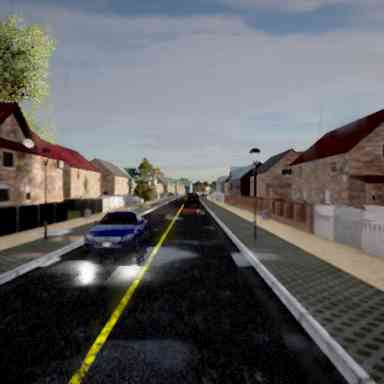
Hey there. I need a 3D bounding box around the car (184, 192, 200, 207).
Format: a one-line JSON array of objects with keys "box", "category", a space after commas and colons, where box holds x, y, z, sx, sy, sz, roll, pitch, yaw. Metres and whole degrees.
[{"box": [0.000, 1.083, 47.012, 2.150, 2.045, 5.566, 0, 0, 0], "category": "car"}]

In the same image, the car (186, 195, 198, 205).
[{"box": [0.000, 1.305, 57.741, 1.882, 1.535, 5.008, 0, 0, 0], "category": "car"}]

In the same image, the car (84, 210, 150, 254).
[{"box": [-2.819, 1.487, 13.366, 1.812, 1.442, 4.674, 0, 0, 0], "category": "car"}]

==============================

[PROBLEM TO SOLVE] Repeat exactly the lines above from the line that contains "Format: a one-line" through the end. Include both of these ends; leave out everything else.

[PROBLEM SOLUTION]
Format: a one-line JSON array of objects with keys "box", "category", a space after commas and colons, where box holds x, y, z, sx, sy, sz, roll, pitch, yaw. Metres and whole degrees.
[{"box": [0.000, 1.083, 47.012, 2.150, 2.045, 5.566, 0, 0, 0], "category": "car"}]

In the same image, the car (186, 195, 198, 205).
[{"box": [0.000, 1.305, 57.741, 1.882, 1.535, 5.008, 0, 0, 0], "category": "car"}]

In the same image, the car (84, 210, 150, 254).
[{"box": [-2.819, 1.487, 13.366, 1.812, 1.442, 4.674, 0, 0, 0], "category": "car"}]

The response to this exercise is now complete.